EXERCISE DETAILS » Determine how many lines below contain the word "name", then state only that figure.

Collection entries
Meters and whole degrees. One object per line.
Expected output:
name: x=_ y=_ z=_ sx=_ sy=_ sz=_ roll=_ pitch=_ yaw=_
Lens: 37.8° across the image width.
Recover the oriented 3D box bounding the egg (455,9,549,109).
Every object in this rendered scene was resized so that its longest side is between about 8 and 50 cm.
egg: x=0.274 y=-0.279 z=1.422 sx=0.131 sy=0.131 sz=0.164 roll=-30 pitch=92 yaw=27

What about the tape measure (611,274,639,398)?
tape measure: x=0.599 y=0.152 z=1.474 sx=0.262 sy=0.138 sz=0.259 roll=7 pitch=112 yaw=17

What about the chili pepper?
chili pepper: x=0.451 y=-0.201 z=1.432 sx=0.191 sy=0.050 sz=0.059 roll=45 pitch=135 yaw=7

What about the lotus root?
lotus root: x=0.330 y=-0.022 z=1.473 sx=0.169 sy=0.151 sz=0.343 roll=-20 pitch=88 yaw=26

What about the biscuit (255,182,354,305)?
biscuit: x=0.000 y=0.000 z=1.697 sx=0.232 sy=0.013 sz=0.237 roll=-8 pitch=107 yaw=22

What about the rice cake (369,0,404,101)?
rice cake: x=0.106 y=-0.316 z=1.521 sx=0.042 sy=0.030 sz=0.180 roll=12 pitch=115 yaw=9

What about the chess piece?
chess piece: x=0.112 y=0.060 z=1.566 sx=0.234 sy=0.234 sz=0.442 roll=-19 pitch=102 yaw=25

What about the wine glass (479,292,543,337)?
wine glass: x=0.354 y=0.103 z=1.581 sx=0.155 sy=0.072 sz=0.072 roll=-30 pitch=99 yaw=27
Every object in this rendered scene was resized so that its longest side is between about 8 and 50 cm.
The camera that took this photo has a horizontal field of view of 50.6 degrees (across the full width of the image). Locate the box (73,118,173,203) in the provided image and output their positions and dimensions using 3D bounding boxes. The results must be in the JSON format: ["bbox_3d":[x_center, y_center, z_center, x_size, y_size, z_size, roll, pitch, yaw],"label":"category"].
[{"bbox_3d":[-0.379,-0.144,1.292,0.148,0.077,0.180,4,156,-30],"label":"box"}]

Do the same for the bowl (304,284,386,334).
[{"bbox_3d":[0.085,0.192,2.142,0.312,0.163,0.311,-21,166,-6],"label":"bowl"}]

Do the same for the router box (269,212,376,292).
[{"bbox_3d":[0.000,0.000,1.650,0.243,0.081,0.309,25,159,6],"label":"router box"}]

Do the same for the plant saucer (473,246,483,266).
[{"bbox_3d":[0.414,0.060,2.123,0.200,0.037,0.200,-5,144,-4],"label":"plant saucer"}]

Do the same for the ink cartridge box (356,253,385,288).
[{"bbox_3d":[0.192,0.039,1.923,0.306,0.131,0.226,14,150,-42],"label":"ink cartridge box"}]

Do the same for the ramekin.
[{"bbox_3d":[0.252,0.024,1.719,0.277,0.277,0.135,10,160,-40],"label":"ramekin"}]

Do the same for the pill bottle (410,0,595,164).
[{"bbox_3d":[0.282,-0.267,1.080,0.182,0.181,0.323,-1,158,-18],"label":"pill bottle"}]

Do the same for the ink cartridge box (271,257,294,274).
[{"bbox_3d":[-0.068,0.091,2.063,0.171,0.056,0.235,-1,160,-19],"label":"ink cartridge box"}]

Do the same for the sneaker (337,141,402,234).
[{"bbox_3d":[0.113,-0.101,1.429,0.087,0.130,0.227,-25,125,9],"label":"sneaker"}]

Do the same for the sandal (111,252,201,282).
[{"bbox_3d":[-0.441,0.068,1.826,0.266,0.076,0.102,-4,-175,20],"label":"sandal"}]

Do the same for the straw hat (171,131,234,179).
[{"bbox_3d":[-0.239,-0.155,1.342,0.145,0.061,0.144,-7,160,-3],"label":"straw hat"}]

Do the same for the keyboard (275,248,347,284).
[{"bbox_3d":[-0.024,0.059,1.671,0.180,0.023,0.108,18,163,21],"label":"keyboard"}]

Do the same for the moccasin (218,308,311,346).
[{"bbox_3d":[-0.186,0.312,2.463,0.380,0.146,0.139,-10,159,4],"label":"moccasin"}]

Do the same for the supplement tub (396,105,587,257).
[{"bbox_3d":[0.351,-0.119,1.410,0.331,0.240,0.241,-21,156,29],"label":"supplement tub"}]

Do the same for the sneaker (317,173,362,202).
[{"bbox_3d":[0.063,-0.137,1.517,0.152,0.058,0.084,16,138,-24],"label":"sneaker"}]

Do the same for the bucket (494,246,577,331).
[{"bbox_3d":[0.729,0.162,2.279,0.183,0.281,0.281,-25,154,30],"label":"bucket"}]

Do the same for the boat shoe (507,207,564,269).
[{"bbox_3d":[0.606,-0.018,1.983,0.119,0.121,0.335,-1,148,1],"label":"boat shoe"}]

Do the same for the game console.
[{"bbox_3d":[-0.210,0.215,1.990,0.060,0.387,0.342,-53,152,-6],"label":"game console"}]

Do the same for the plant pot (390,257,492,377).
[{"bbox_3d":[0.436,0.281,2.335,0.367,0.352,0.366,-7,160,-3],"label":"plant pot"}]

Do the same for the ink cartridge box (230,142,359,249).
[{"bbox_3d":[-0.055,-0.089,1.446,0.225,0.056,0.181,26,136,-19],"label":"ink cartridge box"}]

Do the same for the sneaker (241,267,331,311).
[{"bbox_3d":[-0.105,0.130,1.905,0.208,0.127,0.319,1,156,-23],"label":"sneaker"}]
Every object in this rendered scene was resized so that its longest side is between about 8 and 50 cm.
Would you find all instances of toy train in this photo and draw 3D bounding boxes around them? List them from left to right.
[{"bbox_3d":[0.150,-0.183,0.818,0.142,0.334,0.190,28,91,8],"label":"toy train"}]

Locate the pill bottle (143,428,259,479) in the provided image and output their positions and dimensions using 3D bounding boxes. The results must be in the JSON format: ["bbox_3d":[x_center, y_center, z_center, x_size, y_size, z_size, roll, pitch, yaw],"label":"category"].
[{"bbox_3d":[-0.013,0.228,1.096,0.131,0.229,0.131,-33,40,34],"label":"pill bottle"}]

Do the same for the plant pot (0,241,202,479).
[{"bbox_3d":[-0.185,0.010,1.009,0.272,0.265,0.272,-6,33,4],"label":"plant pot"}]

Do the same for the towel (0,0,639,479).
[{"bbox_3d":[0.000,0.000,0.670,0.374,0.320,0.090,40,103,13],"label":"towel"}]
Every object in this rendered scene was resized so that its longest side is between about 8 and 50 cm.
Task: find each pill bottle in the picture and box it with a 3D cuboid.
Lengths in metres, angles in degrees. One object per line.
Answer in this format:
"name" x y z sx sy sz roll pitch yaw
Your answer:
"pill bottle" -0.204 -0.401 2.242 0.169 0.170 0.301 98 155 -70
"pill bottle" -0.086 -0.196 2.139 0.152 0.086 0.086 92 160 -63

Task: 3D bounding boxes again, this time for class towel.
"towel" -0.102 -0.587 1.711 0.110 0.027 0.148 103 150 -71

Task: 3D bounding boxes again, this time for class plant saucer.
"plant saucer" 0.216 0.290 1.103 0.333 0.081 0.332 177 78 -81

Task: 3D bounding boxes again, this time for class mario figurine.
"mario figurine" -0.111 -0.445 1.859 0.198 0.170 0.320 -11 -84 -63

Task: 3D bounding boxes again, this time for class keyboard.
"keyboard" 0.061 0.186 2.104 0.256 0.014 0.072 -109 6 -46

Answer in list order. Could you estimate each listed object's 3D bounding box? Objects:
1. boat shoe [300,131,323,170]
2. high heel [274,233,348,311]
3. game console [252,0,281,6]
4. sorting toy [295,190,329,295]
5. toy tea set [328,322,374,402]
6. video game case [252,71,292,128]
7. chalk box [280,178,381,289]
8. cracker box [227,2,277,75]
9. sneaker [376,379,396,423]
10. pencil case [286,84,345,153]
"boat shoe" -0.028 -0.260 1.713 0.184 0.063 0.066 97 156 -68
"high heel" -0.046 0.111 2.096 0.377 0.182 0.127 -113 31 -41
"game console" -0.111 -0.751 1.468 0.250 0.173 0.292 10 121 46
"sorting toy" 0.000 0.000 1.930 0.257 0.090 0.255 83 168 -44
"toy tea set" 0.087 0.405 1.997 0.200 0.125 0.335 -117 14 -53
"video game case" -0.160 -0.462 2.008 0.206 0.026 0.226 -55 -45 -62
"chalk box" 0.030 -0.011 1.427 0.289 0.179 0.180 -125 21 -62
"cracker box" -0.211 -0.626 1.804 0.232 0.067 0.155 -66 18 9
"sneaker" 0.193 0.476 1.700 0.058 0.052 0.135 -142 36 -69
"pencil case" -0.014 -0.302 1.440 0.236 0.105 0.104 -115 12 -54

ANSWER TO THIS EXERCISE » 2